*** DATA FOR THE TASK

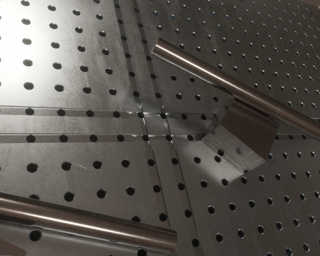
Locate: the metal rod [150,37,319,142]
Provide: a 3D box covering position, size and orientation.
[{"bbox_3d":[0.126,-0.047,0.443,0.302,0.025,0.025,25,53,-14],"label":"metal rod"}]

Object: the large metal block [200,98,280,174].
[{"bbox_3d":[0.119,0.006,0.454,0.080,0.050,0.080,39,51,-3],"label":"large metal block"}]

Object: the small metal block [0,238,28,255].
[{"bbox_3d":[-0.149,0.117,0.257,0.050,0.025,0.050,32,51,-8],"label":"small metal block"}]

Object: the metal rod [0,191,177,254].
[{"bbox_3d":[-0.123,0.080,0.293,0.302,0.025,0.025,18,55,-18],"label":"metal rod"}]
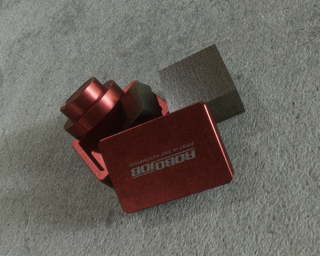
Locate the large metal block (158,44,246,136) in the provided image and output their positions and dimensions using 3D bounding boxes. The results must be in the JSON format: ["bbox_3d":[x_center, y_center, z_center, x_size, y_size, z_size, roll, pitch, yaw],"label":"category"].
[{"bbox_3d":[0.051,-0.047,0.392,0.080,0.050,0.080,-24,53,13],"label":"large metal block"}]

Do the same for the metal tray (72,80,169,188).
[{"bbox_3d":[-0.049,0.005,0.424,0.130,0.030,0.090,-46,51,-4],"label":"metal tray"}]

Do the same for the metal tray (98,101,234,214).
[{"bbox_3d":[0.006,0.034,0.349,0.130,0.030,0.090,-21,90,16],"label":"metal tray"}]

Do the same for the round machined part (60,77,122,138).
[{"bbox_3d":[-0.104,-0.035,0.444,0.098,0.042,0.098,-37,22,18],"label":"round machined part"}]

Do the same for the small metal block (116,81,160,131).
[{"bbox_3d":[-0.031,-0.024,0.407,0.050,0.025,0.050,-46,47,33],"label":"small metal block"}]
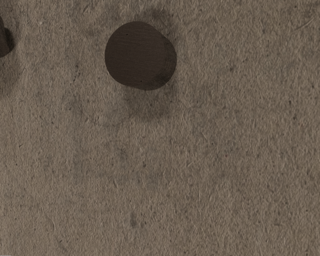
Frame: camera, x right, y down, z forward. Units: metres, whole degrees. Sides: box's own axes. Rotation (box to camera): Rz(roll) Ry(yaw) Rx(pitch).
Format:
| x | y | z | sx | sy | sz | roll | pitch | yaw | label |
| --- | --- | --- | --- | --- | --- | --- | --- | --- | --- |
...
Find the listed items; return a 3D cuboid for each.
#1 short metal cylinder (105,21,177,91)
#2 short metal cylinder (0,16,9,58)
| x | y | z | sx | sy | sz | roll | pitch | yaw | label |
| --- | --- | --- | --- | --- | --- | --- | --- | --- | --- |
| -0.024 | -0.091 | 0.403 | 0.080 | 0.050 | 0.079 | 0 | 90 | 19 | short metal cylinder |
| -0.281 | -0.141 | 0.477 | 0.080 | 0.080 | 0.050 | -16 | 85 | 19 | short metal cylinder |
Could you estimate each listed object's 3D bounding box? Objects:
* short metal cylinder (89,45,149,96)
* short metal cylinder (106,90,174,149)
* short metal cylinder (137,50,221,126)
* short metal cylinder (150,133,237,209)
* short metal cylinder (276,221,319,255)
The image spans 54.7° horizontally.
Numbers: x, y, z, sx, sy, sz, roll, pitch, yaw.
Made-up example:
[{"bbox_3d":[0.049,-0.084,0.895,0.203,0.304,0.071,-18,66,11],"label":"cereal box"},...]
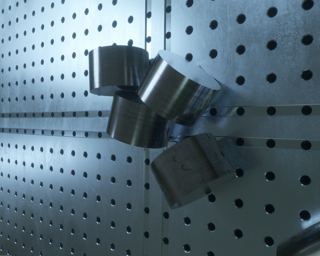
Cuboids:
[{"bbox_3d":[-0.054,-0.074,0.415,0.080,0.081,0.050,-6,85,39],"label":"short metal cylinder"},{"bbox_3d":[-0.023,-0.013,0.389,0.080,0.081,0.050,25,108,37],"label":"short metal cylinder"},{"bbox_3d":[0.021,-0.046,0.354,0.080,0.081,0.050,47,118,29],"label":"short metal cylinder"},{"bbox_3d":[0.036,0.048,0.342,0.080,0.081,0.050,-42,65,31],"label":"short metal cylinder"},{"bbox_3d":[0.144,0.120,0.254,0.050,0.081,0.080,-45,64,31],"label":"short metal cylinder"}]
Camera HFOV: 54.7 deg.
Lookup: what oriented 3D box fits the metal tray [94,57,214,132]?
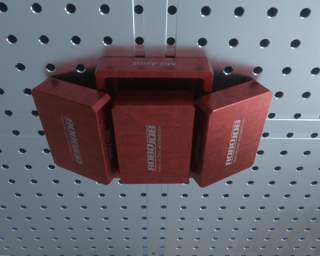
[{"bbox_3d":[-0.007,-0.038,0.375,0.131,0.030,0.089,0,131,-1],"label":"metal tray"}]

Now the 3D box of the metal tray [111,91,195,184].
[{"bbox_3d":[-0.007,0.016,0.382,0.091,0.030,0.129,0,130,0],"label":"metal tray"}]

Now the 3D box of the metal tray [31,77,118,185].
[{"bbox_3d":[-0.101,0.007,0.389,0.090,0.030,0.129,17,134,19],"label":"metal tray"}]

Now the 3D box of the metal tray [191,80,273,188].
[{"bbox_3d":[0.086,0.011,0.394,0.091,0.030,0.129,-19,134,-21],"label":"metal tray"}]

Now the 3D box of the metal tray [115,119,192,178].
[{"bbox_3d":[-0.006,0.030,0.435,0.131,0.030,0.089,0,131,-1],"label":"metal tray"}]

******
*** DATA FOR THE TASK

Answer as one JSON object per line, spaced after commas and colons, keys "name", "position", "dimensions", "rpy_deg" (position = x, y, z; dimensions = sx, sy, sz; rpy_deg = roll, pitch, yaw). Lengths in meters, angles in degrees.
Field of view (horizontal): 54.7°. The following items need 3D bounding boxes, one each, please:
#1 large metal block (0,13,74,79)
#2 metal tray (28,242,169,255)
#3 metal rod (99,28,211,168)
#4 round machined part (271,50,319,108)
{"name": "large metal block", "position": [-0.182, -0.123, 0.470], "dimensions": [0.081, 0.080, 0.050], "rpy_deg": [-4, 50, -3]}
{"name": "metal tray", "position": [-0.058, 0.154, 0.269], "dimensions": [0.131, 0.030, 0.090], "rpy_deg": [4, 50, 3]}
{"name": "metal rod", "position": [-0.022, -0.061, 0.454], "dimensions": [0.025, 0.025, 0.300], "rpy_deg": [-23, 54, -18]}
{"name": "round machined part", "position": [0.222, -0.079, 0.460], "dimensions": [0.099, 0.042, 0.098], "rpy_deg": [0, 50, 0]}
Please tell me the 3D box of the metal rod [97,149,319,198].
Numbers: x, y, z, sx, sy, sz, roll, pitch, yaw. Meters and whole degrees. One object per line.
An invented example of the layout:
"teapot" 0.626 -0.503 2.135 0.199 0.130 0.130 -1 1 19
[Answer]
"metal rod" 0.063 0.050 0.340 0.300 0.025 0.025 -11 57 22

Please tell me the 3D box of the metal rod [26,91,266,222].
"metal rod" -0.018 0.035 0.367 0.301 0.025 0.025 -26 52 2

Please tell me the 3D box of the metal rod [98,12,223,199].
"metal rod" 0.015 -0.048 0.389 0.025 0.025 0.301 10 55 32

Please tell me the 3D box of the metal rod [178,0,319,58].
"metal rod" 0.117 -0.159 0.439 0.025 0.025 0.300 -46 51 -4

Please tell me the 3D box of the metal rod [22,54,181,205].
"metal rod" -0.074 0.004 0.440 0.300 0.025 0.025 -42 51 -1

******
*** DATA FOR THE TASK

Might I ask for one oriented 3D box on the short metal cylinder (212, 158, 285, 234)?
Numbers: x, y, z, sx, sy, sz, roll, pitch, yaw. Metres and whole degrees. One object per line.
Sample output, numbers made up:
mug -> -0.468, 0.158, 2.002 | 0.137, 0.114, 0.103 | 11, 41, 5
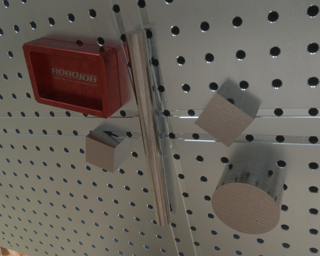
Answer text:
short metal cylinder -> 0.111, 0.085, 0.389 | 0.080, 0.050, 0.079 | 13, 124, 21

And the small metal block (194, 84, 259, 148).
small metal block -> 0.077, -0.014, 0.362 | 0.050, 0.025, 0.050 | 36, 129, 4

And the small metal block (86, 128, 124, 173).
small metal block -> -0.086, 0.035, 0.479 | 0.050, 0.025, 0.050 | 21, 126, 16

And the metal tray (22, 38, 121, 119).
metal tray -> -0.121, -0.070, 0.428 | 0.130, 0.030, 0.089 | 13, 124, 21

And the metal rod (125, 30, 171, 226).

******

HOW TO COMPLETE THIS TASK: To complete this exercise, transcribe exactly the lines above from the one that holds "metal cylinder (106,90,174,149)" through the one that holds "Camera HFOV: 54.7 deg.". Pictures stay out.

TASK RESULT:
* short metal cylinder (106,90,174,149)
* short metal cylinder (137,50,221,126)
* short metal cylinder (150,133,237,209)
* short metal cylinder (276,221,319,255)
The image spans 54.7° horizontally.
Numbers: x, y, z, sx, sy, sz, roll, pitch, yaw.
Made-up example:
[{"bbox_3d":[0.049,-0.084,0.895,0.203,0.304,0.071,-18,66,11],"label":"cereal box"},...]
Cuboids:
[{"bbox_3d":[-0.054,-0.074,0.415,0.080,0.081,0.050,-6,85,39],"label":"short metal cylinder"},{"bbox_3d":[-0.023,-0.013,0.389,0.080,0.081,0.050,25,108,37],"label":"short metal cylinder"},{"bbox_3d":[0.021,-0.046,0.354,0.080,0.081,0.050,47,118,29],"label":"short metal cylinder"},{"bbox_3d":[0.036,0.048,0.342,0.080,0.081,0.050,-42,65,31],"label":"short metal cylinder"},{"bbox_3d":[0.144,0.120,0.254,0.050,0.081,0.080,-45,64,31],"label":"short metal cylinder"}]
Camera HFOV: 54.7 deg.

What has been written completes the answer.